E nosso jantar-dançante, depois de muita discussão, é com hífen. Chegamos à conclusão de que o “jantar” e o “dançante” estão de mãos dadas.
Acreditamos muitíssimo em mãos dadas aqui no OBA!.
Delícia de texto que cabe diretinho no site deste amigo tão querido e competente!!! Impossível resistir a este convite.
que delicia!!
aqui também tem musica o dia inteiro e a gente canta e as vezes até dança.
as comidas é que não estão sendo mais lá essas coisas, mas a gente come assim mesmo.
e viva a vida, apesar de tudo…
beijo enorme querida, bom (re)ver você aqui, na casa do nosso chef preferido.
Ah, Fal, Fal… você é mesmo de verdade né?
Gostoso… aqui se come tranqueira e coisa boa, depende menos da música do que da vontade louca de comer coisas diferentes ou corriqueiras!
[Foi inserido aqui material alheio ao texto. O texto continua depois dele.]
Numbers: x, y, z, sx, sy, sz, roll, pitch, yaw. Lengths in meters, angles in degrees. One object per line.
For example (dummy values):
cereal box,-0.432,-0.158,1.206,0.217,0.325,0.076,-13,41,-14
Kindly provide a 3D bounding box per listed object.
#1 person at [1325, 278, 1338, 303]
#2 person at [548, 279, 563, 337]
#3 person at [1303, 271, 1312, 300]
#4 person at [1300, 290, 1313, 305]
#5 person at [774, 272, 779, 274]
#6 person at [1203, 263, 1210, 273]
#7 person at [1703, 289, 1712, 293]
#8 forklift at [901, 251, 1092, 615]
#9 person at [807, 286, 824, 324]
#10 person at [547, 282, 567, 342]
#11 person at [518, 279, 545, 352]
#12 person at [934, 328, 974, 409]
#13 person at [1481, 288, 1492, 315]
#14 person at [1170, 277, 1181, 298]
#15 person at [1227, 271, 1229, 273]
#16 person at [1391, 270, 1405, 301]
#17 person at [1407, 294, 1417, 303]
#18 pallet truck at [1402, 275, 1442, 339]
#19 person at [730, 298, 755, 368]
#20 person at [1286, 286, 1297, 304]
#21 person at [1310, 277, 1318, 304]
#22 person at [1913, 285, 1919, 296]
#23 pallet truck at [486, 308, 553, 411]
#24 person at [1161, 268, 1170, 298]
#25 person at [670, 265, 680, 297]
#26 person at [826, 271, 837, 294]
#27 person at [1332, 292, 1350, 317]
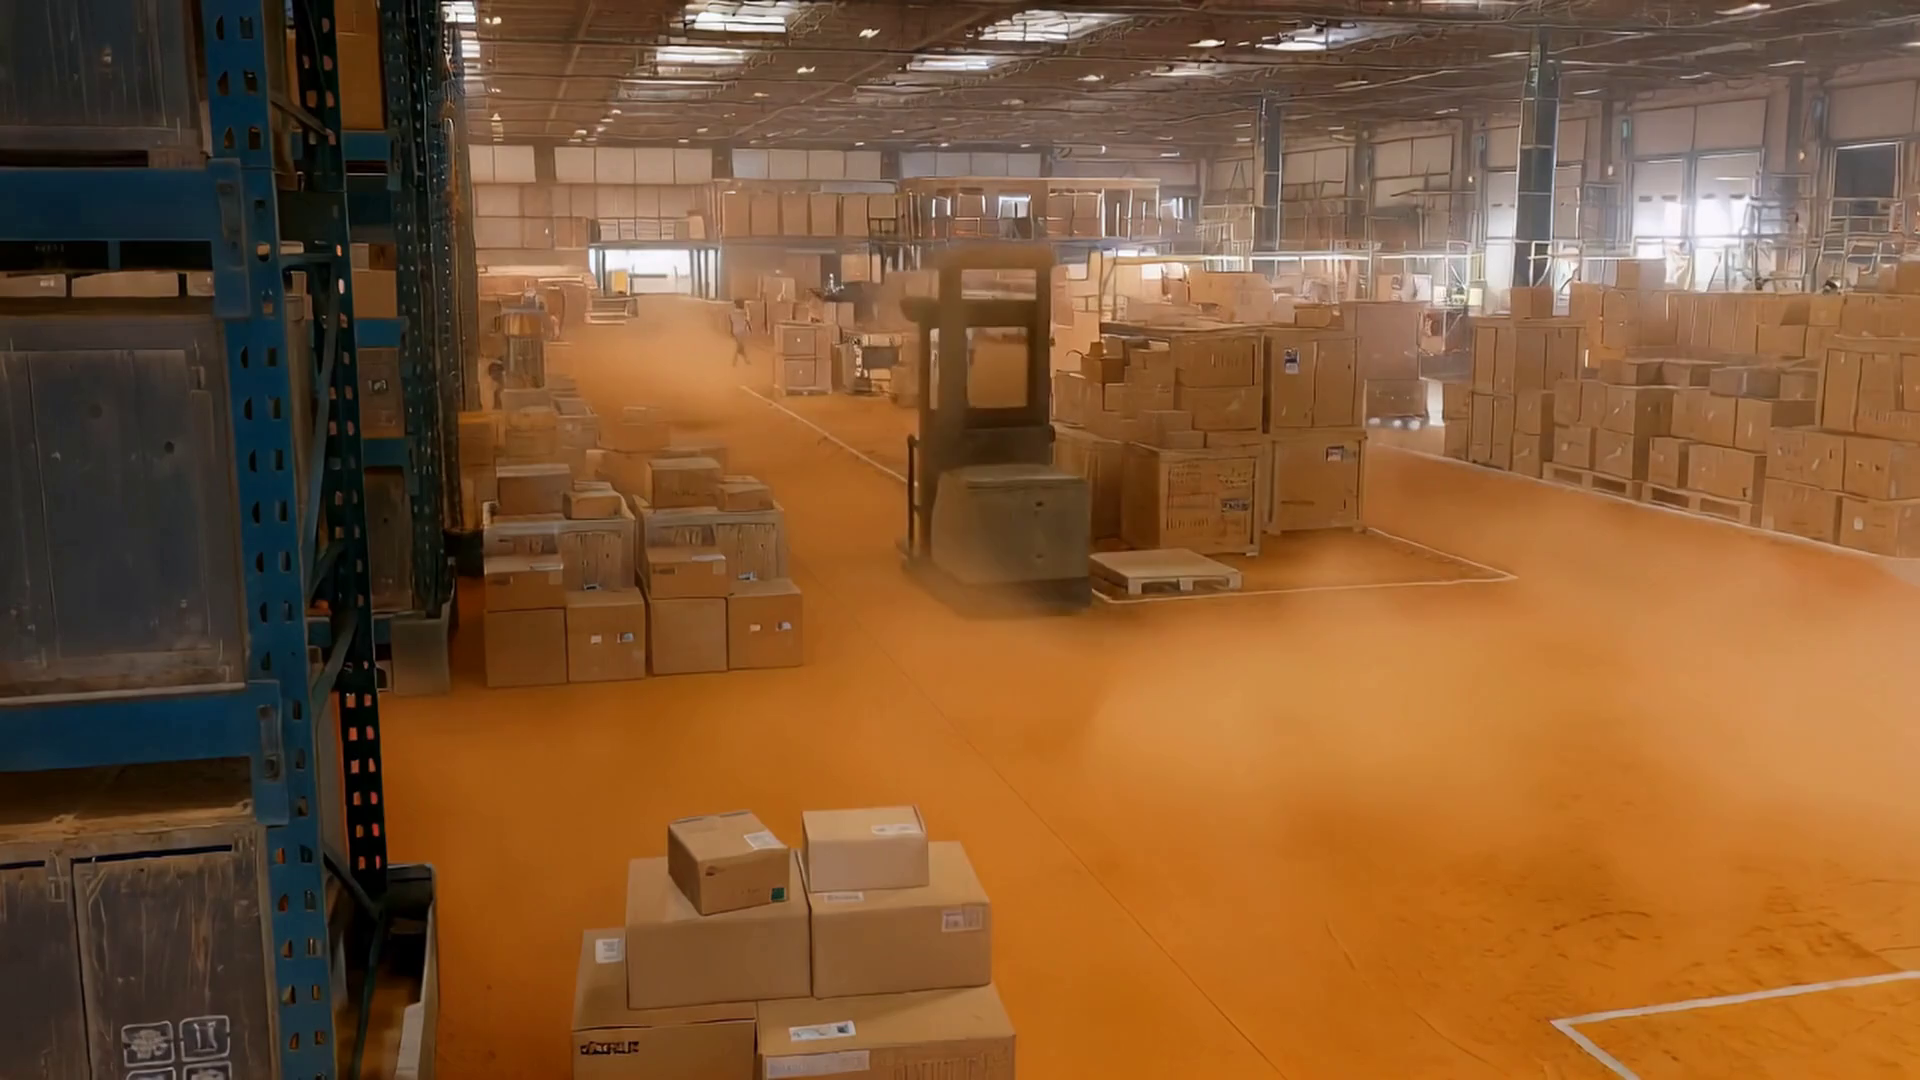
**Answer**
person,12.511,-7.865,55.705,0.624,1.819,0.651,7,12,34
person,-12.866,-7.394,53.023,0.523,1.838,0.931,-2,10,-9
person,13.224,-9.263,63.286,0.615,1.938,0.406,-8,13,-37
person,7.477,-4.479,36.235,0.398,1.923,0.571,5,11,27
person,-7.241,-9.617,65.527,0.329,1.862,0.505,-9,14,-43
person,12.678,-13.355,86.342,0.614,1.982,0.515,6,12,32
person,17.492,-4.933,38.962,0.616,1.889,1.041,1,10,7
forklift,0.289,-0.930,13.437,1.129,2.768,1.873,-3,10,-16
person,-3.373,-5.047,39.419,0.364,1.935,0.553,6,12,31
person,-12.051,-6.779,49.608,0.603,1.815,0.646,2,10,11
person,-11.741,-6.185,45.573,0.683,2.000,1.058,1,10,6
person,-0.098,-2.762,26.433,0.617,1.962,0.428,2,10,10
person,15.639,-6.629,49.193,0.872,1.658,0.532,0,10,0
person,7.161,-7.675,54.466,0.667,1.879,0.499,-5,11,-24
person,10.418,-9.556,65.024,0.601,1.905,0.504,-5,11,-24
person,17.371,-9.730,65.936,0.544,1.939,0.354,-1,10,-5
person,10.157,-4.686,37.776,0.653,1.783,0.955,5,11,26
pallet truck,14.620,-7.324,52.145,0.823,1.965,1.885,8,13,40
person,-5.154,-4.903,39.405,0.537,1.647,0.880,8,13,38
person,9.478,-6.460,48.043,0.530,1.718,0.882,-2,10,-10
person,12.958,-8.764,61.045,0.311,1.735,0.484,0,10,-1
person,24.164,-5.507,42.129,0.930,1.896,0.569,9,14,42
pallet truck,-6.242,-2.418,24.362,0.823,1.965,1.885,1,10,3
person,8.708,-10.529,70.461,0.356,1.937,0.638,-1,10,-8
person,-16.062,-14.608,93.832,0.584,1.853,0.906,-3,10,-17
person,-4.420,-8.287,57.517,0.417,2.034,0.603,0,10,2
person,7.937,-4.202,34.693,0.370,1.915,0.597,-4,11,-22
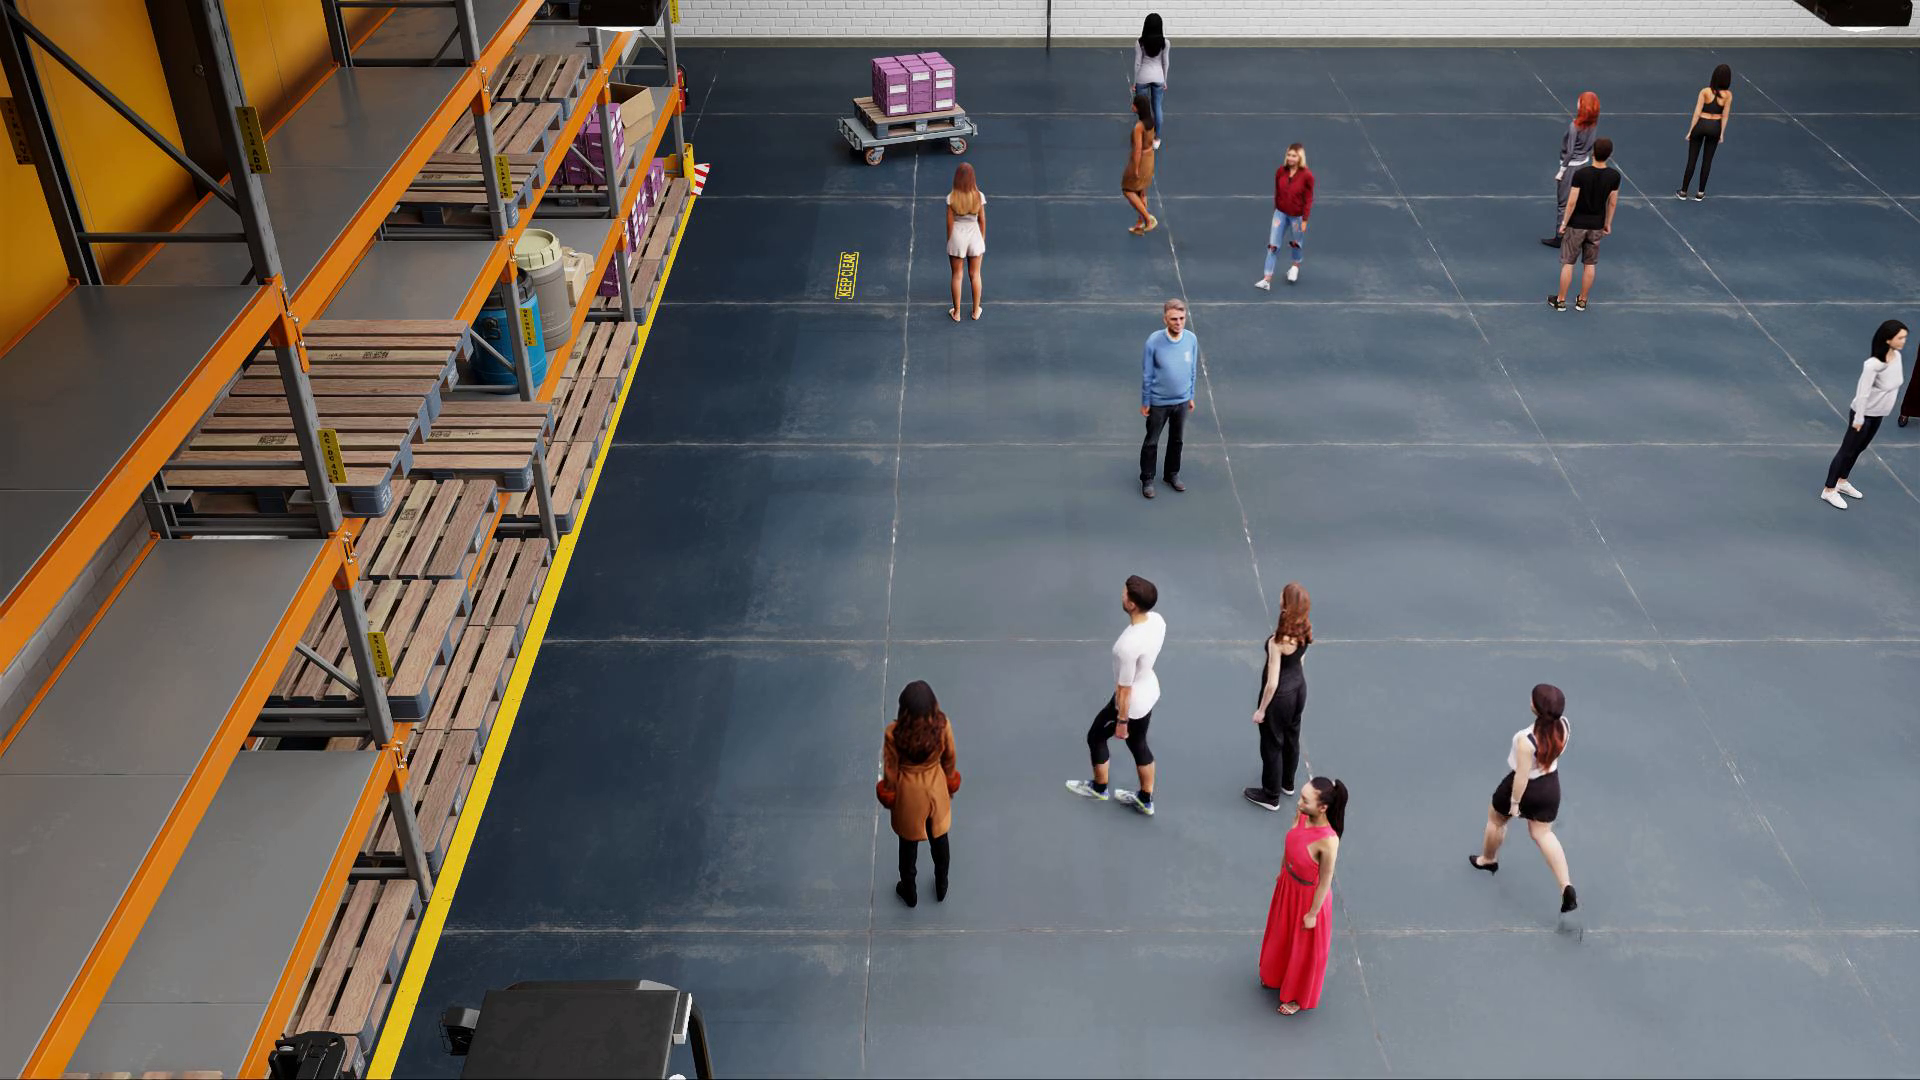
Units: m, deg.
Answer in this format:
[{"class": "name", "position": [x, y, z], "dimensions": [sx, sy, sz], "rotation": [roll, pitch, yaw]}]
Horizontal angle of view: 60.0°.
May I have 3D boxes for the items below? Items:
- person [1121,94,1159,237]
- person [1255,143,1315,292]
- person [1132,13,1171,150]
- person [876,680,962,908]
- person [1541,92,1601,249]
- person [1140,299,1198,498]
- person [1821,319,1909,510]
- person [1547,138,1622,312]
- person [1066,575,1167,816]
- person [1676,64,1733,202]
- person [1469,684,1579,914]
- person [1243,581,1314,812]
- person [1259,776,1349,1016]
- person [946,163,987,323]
[{"class": "person", "position": [2.124, -4.217, 18.876], "dimensions": [0.794, 1.673, 0.749], "rotation": [18, 38, 25]}, {"class": "person", "position": [3.583, -3.479, 17.848], "dimensions": [0.973, 1.582, 1.152], "rotation": [19, 38, 26]}, {"class": "person", "position": [2.441, -5.878, 21.319], "dimensions": [0.618, 1.735, 0.543], "rotation": [-3, 34, -4]}, {"class": "person", "position": [-0.243, 1.550, 10.159], "dimensions": [0.735, 1.719, 0.674], "rotation": [-8, 34, -11]}, {"class": "person", "position": [6.897, -4.170, 18.710], "dimensions": [0.654, 1.779, 0.675], "rotation": [-22, 39, -29]}, {"class": "person", "position": [1.784, -1.244, 14.272], "dimensions": [0.718, 1.820, 0.676], "rotation": [-10, 35, -14]}, {"class": "person", "position": [7.720, -1.095, 14.155], "dimensions": [0.709, 1.700, 0.751], "rotation": [-24, 41, -32]}, {"class": "person", "position": [6.502, -3.278, 17.295], "dimensions": [0.683, 1.861, 0.553], "rotation": [1, 34, 2]}, {"class": "person", "position": [1.199, 1.063, 10.791], "dimensions": [0.995, 1.829, 0.957], "rotation": [20, 38, 27]}, {"class": "person", "position": [8.930, -4.880, 19.902], "dimensions": [0.621, 1.642, 0.577], "rotation": [9, 35, 13]}, {"class": "person", "position": [3.557, 1.593, 10.181], "dimensions": [0.884, 1.623, 1.102], "rotation": [-17, 37, -24]}, {"class": "person", "position": [2.129, 1.022, 10.928], "dimensions": [0.718, 1.746, 0.652], "rotation": [28, 43, 35]}, {"class": "person", "position": [1.958, 2.010, 9.458], "dimensions": [0.740, 1.727, 0.607], "rotation": [-10, 35, -15]}, {"class": "person", "position": [0.055, -3.067, 17.125], "dimensions": [0.584, 1.697, 0.579], "rotation": [-3, 34, -5]}]

Vamos do mambo ao jazz e da canja às ilhas flutuantes!
que alegria, que alegria, que alegria! 🙂
Viva!
Beijos!
Fal, neste delicioso texto (acho que eu já disse umas 1.751,4 vezes que seus textos são deliciosos, não disse?), você apresenta ao leitor situações extremamente singelas, envolvendo comidas e pessoas. Todavia, faz com ambas um verdadeiro banquete: um banquete. de palavras,. Um Banquete Literário!